**Exercise directions:** The answer must be every line of the records below that contains the word "Please", copied out.

Supplied data section start

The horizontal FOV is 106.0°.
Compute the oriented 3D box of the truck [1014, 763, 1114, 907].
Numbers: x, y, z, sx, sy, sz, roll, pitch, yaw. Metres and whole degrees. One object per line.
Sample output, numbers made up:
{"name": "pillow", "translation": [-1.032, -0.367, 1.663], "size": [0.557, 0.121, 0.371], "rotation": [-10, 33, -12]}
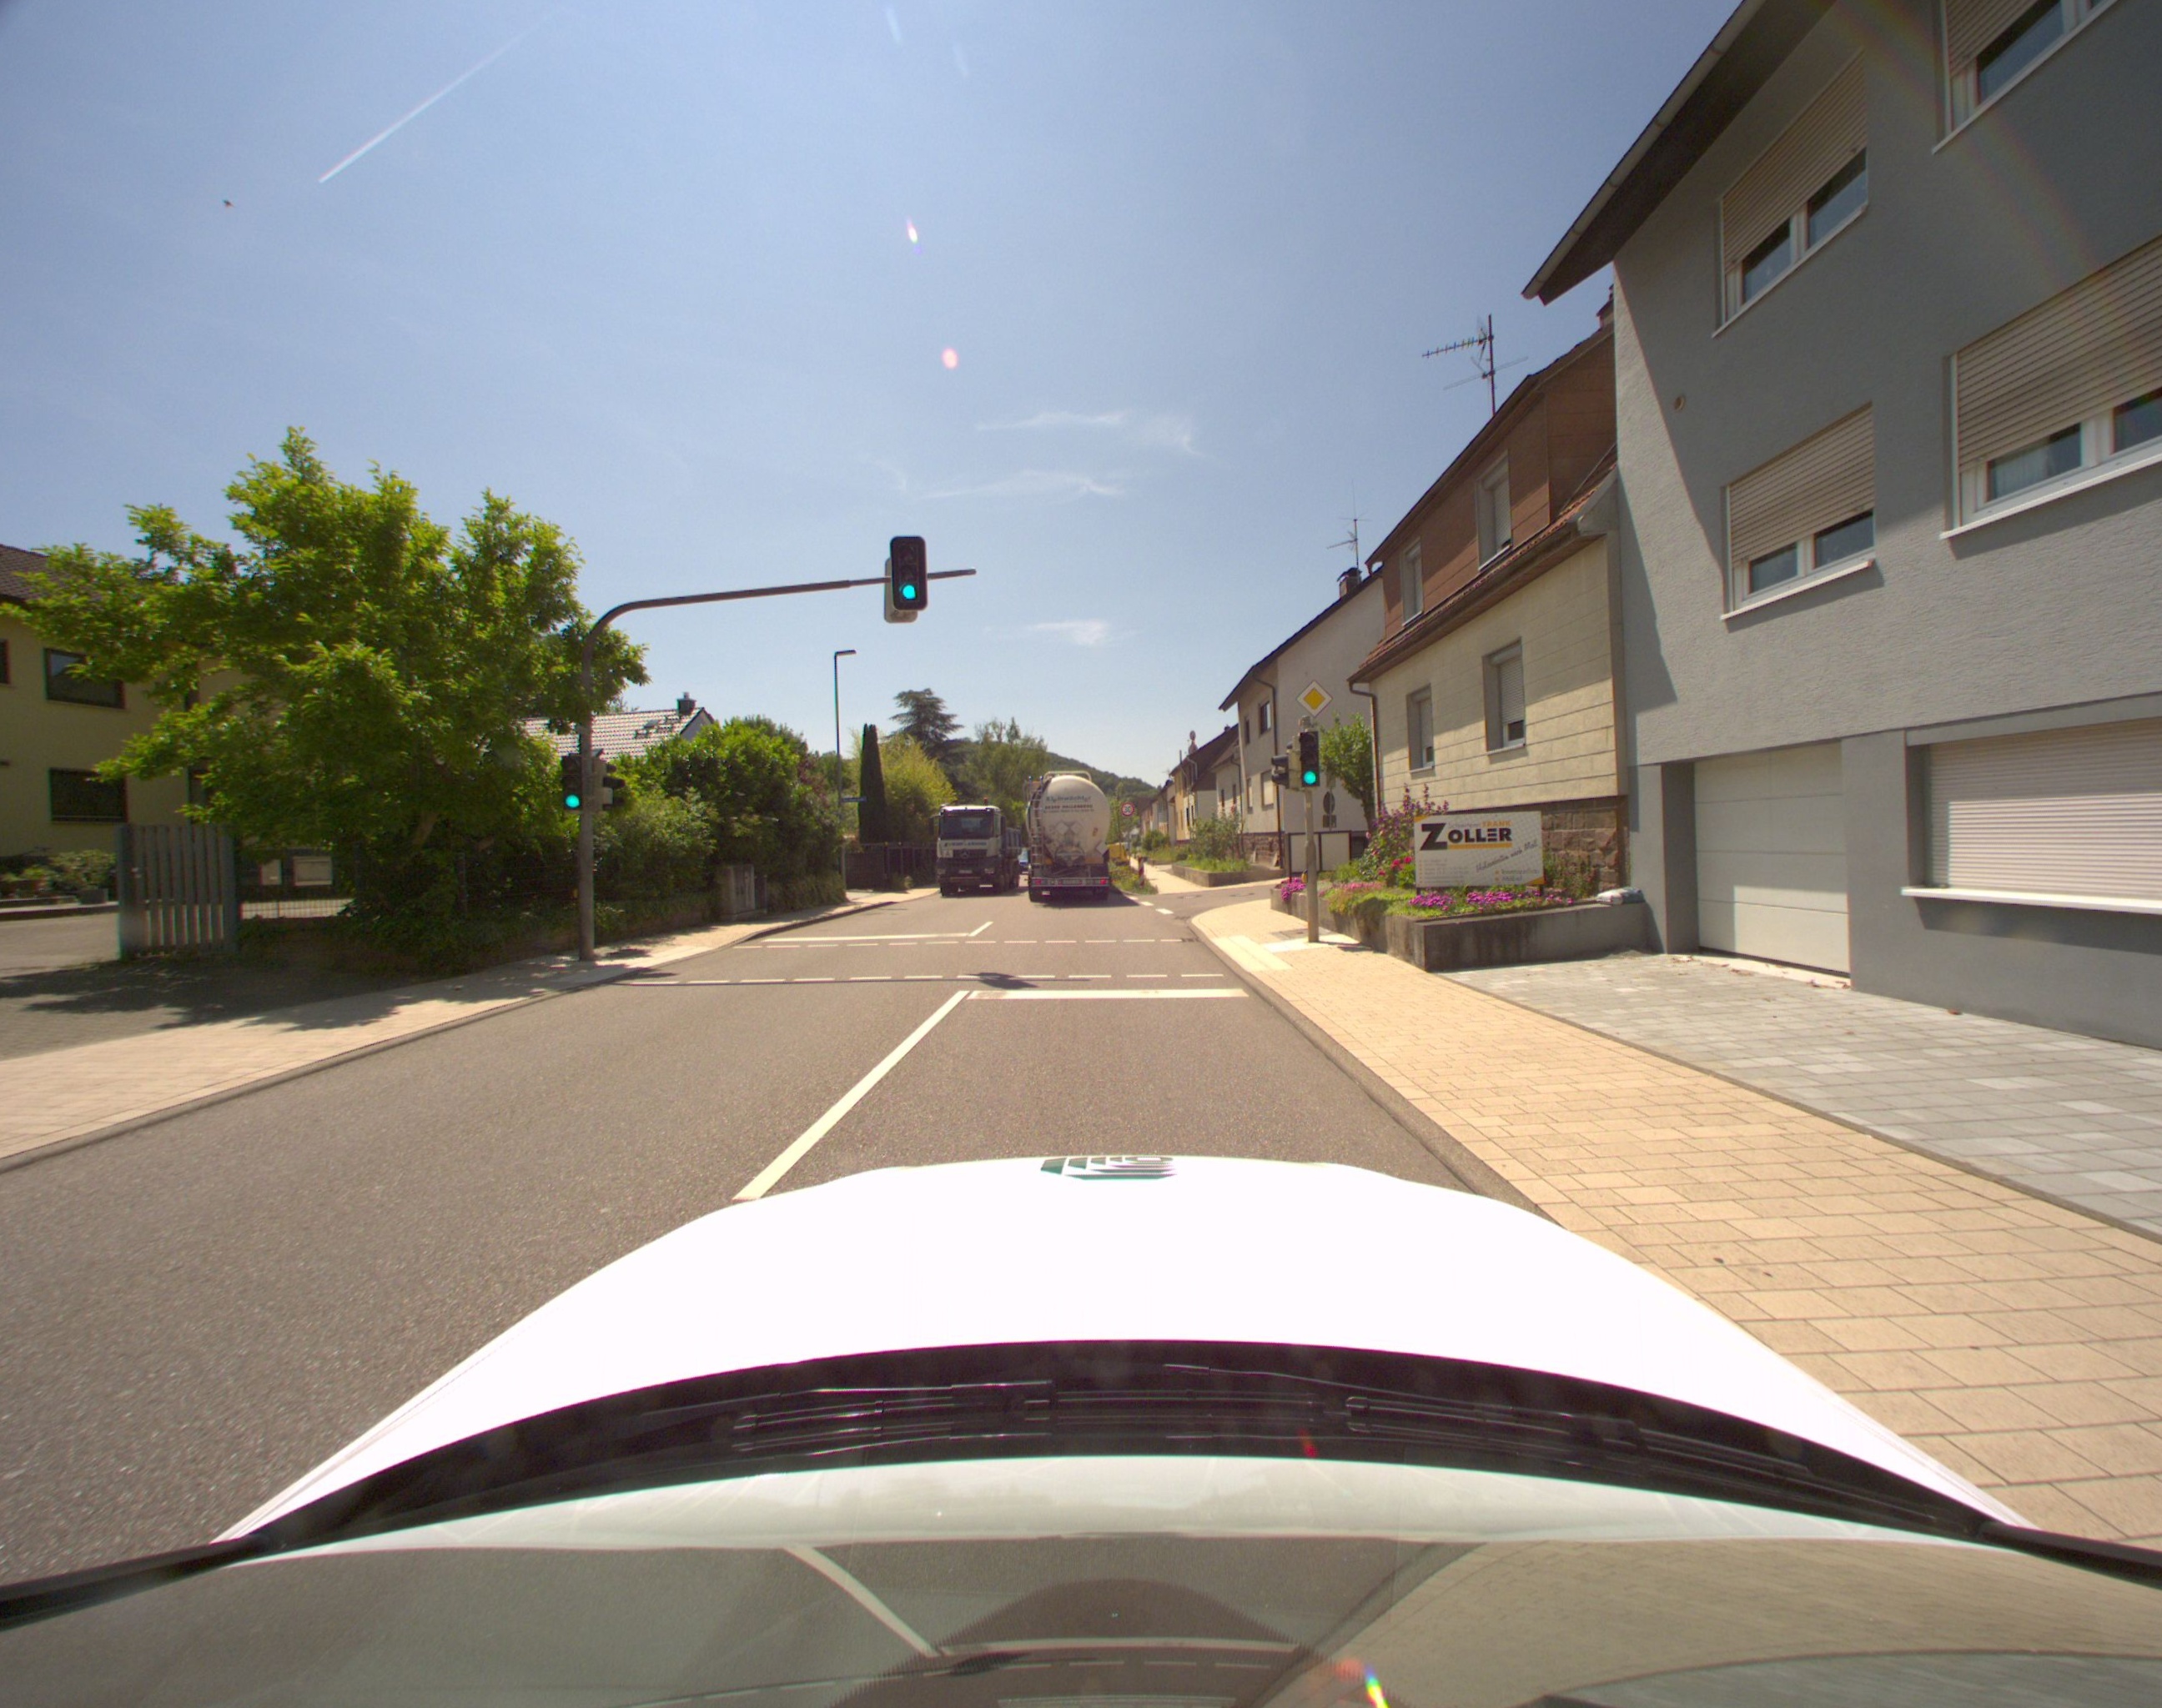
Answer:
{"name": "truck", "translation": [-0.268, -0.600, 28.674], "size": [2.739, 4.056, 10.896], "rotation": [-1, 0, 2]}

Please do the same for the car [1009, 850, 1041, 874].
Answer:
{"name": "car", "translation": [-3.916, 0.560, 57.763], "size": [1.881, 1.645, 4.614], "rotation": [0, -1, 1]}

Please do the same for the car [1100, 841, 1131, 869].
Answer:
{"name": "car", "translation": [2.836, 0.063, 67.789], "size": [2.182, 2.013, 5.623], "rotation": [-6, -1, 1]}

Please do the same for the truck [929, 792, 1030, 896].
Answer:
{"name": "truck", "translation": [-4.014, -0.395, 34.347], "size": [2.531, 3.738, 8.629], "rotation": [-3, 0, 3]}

Supplied data section end

**Result for this exercise:**
Please do the same for the car [1009, 850, 1041, 874].
Please do the same for the car [1100, 841, 1131, 869].
Please do the same for the truck [929, 792, 1030, 896].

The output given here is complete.